Pendant une grosse demie-heure, j’ai intérieurement crié au scandale pour tous les prix obtenus par ce film. Je me suis accroché et j’ai bien fait. Il les mérite. Un grand n’importe quoi savamment orchestré. J’ai ressenti la même chose avec Crimes Arnaques et Botanique ou plusieurs films des frères Coen. Des personnages hauts en couleur et une façon de filmer qui m’a plu. Par contre, je ne vois pas trop la critique de la société décrite par certains autres commentaires.
Ce film est une petite sensation dès le départ !!! Les deux personnages se rencontrent dans un feu d’artifice de fêtes made in Las Vegas, puis c'est le système russe qui se met en route pour déconstruire la première partie. Ani se joue du romantisme, de l'amour, des attentes familiales, elle vie sa vie à fond, tout comme Ivan qui développe toute l'énergie d'un gosse de riche. La deuxième partie est beaucoup moins intéressante, et à la fin, le réalisateur nous plonge dans une incompréhension et une incohérence qui auraient pu être évitée pour laisser un vrai message aux spectateurs.
Anora est un film visuellement réussi et porté par une narration efficace : une jeune femme happée par un monde luxueux, avant d’être brutalement rattrapée par une réalité que l’on préférait ignorer. La scène finale, à la fois jubilatoire et subtile, oscille entre belle leçon de vie et vengeance intelligente.
conte de fée "hardcore", Anora qui a décroché 5 récompenses lors du dernier festival de Cannes ne peut pas laisser indifférent. On adore le scénario dingue, la folle fougue de l'actrice principale totalement déjantée, la prestation des autres protagonistes notamment le trio de pieds nickels très convaincants... On aime moins le début du film, une succession outrancière de courtes scènes et une certaine cacophonie dans les dialogues qui finit par agacer...
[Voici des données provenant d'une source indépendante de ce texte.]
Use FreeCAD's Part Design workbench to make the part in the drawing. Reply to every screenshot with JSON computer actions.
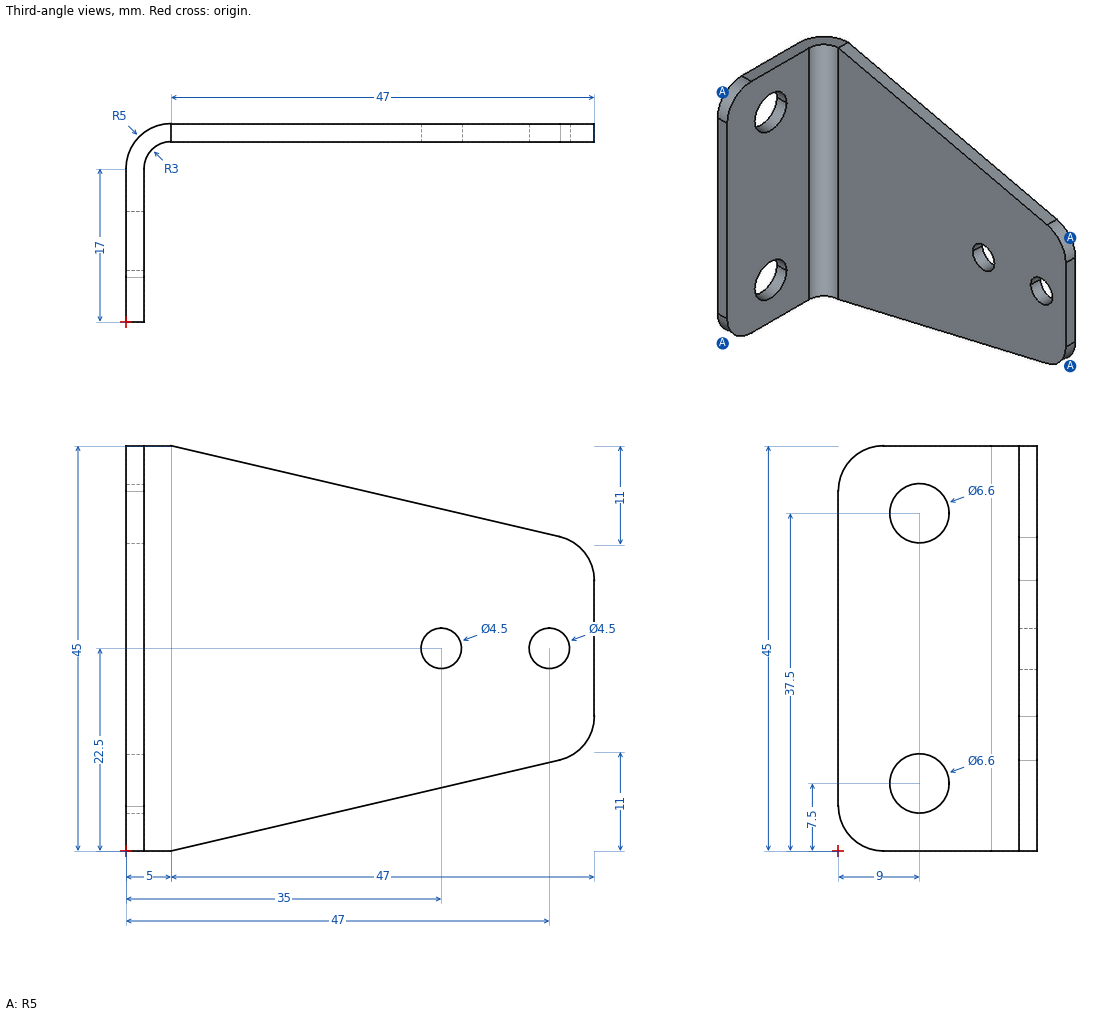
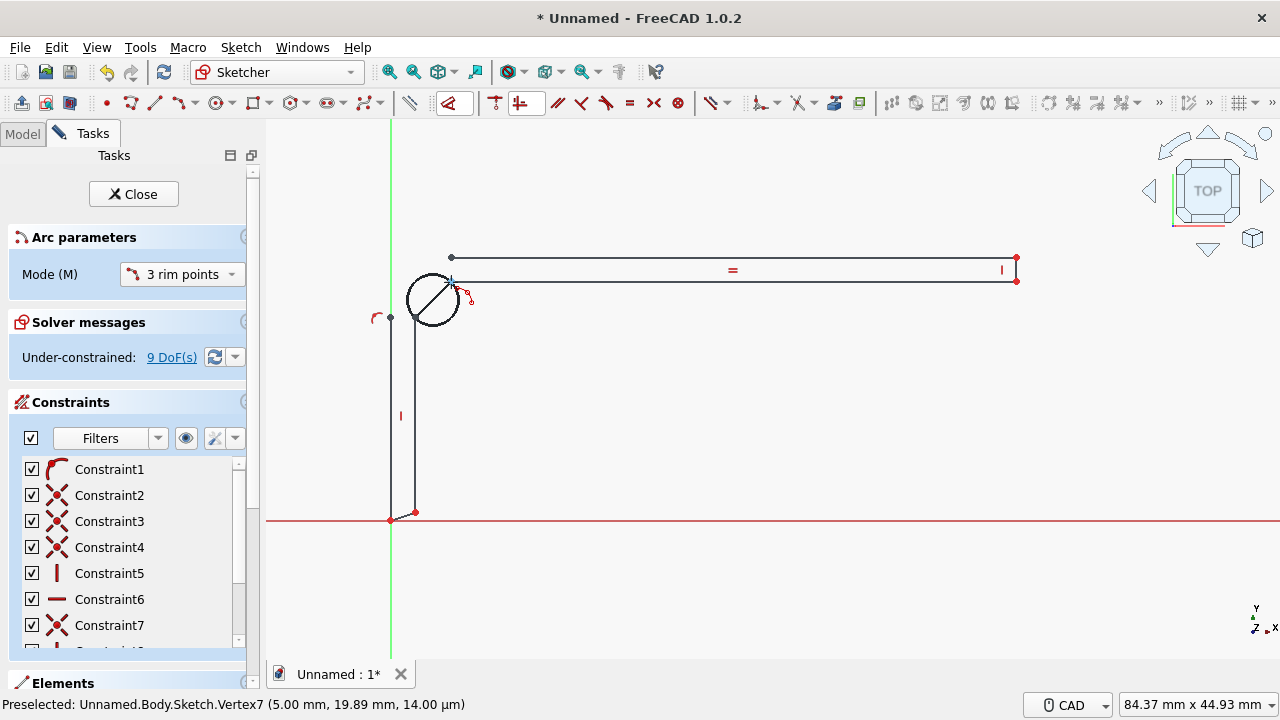
{"action": "scroll", "coordinate": [425, 291], "scroll_direction": "up", "scroll_amount": 3}

Le film est bon, n'est pas touchant, transcendant mais bien équilibré et bien enmené. On suit l'histoire d'Ani qui est un strip-teaseuse et qui est embauché par une jeune russe. spoiler: On se dit qu'il va se passer quelque chose d'horrible ou autre parfois mais absolument pas. C'est prenant mais pas trop, c'est émotionnel mais pas trop. Bref, ça manque d'un truc pour être grandiose mais ça parle d'un sujet qui est peu abordé. spoiler: Trois parties, la première est sympa 30 - 40 mn qui nous mets dans le bains, classique. La deuxième, 5 première minutes bien, le reste bof. La troisième partie, okay, peut mieux faire. A la fin, je suis mitigé, j'ai aimé sans adoré mais je suis rentré dans le film, ça m'a parlé et touché et m'a fait pensé à certaines chose mais c'est pas complet du tout.
Ne gâchez pas plus de 2 heures de votre vie pour ce film plein de lourdeurs et finalement s'avère un joli pétard mouillé. Une palme et un oscar pour cette chose ? A n'y rien comprendre. C'est lent, invraisemblable et vide de sens.